I've run into this problem several times. Something like a for loop that
doesn't do anything but is supposed to eat up time will easily be eliminated,
making your attempts at measuring the time taken a bit meaningless.

------
ndesaulniers
Don't use assert! Most "release modes" (I was aware of cmake's but looks like
VS as well) entirely remove statements if NDEBUG is defined! Thus you're doing
a calculation and not using the result, so it looks to the compiler like the
calculation can be skipped if there's no other side effects.

------
kazinator
The problem here, I suspect, is that this std::whatever::now() clock is
somehow being treated by the compiler as if it requires no sequencing with
regard to function calls.

It's probably not that Microsoft's compiler is optimizing through the function
pointer, but rather that it thinks that now() doesn't have to be sequenced.
And its return value is just assigned to local variables, which have no
interaction with the function being called. So if now() doesn't have to be
sequenced, the initializations of those variables can be reordered.

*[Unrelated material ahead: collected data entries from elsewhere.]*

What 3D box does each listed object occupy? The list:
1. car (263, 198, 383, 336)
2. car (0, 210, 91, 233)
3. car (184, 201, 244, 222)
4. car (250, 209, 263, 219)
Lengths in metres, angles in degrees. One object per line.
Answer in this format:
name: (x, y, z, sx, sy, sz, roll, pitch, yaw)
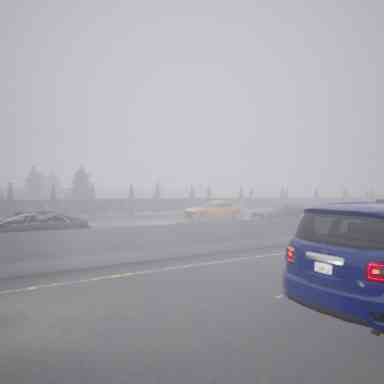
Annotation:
car: (4.192, 1.218, 6.326, 5.566, 2.045, 2.150, 0, 0, -32)
car: (-6.224, 1.448, 12.297, 4.902, 1.511, 2.128, 0, 0, -34)
car: (1.760, 1.437, 25.701, 5.008, 1.535, 1.882, 0, 0, -32)
car: (6.861, 1.527, 24.754, 5.357, 1.411, 2.033, 0, 0, -32)
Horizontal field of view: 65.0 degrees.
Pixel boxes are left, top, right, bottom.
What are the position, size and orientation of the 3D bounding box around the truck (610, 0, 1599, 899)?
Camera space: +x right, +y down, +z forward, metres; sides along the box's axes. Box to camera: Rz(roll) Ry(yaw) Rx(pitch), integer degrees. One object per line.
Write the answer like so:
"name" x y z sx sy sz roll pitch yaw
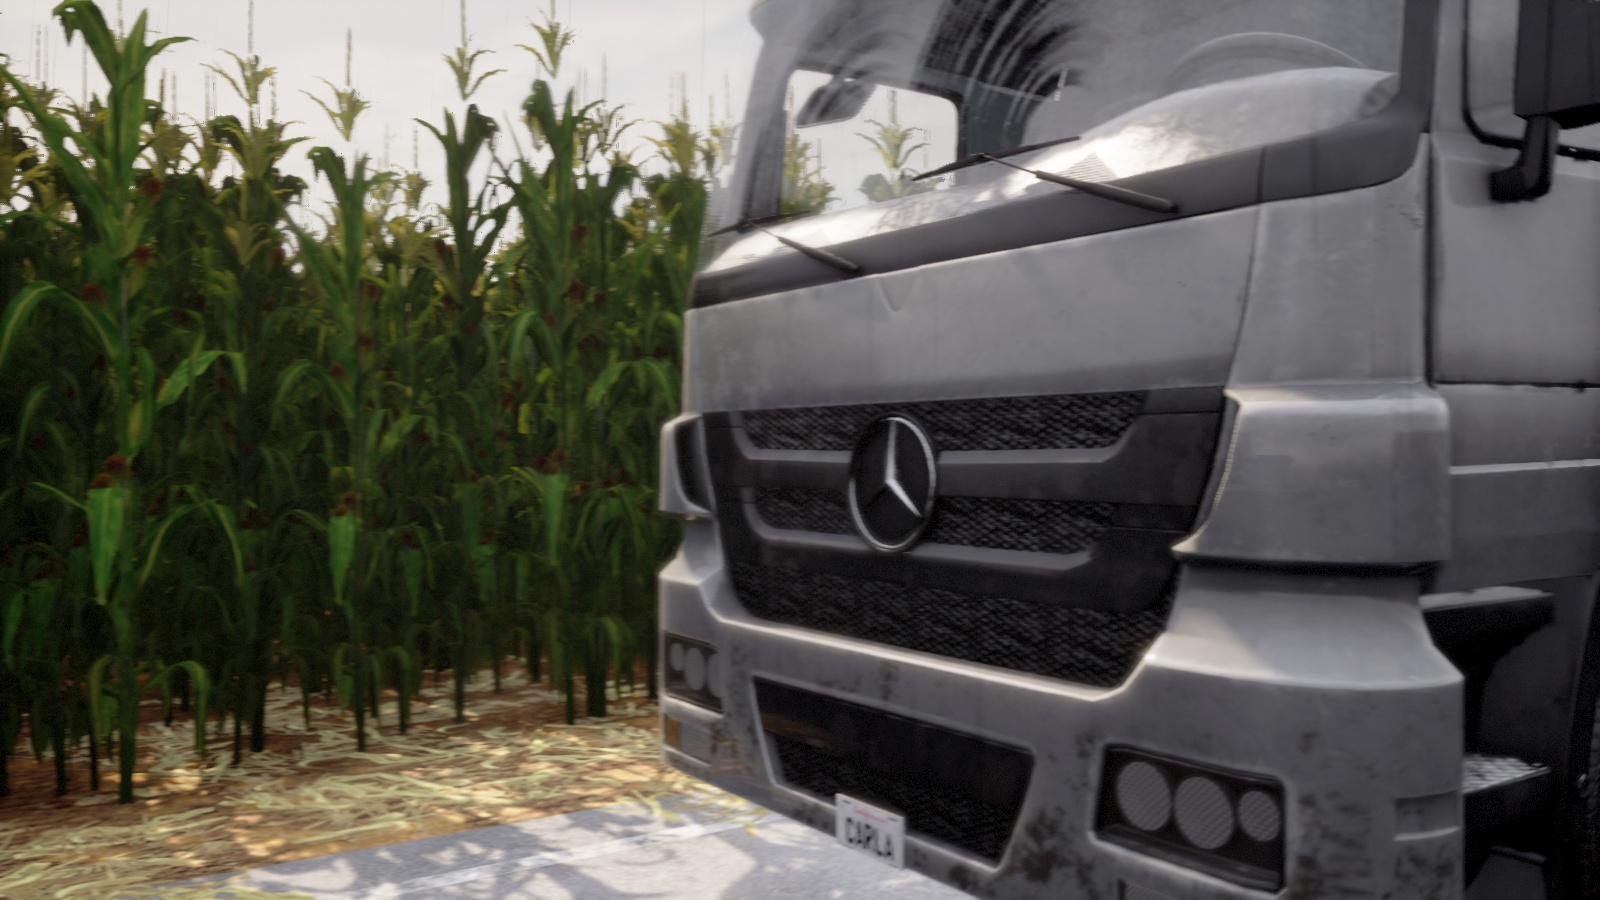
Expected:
"truck" 3.391 -0.230 5.658 7.936 3.462 2.891 0 0 -35

This is definitely a bug somewhere between now this now() function is
implemented, and how the compiler treats its definition or declaration. A
clock-sampling function simply must be properly sequenced with regard to
surrounding code.

------
Johnny_Brahms
This was the best thing from my time at uni. We wrote a compiler, and I made
one that, when it met some types of code, would insert highly optimised C. We
had a small competition at the end of the year with lots of small stupid
benchmarks.

It was self-hosting, and I made it insert the funky code on compile. I also
made it do precomputation on most loops.

The benchmarks at the end of the year had very un-even time distribution, and
everybody knew that we had done something funny (especially since our
recursive slow fibonacci was the fastest by a factor of 8).

We knew we would get caught, but it was funny anyway. Someone else won because
their compiler was actually good, but we got a new special "underhanded
sneakyness" prize

------
pcwalton
Function pointers are not barriers to inlining in any modern compiler
optimization pipeline. In fact, function pointer inlining simply falls out of
constant propagation.

------
lmm
Even when code isn't eliminated entirely, microbenchmarking is very hard.
Compare [http://shipilev.net/blog/2014/java-scala-divided-we-
fail/](http://shipilev.net/blog/2014/java-scala-divided-we-fail/)

------
jlas
Article doesn't mention the big difference between the recursive and iterative
Fibonacci solutions, which is the O(2^n) and O(n) respective time complexity.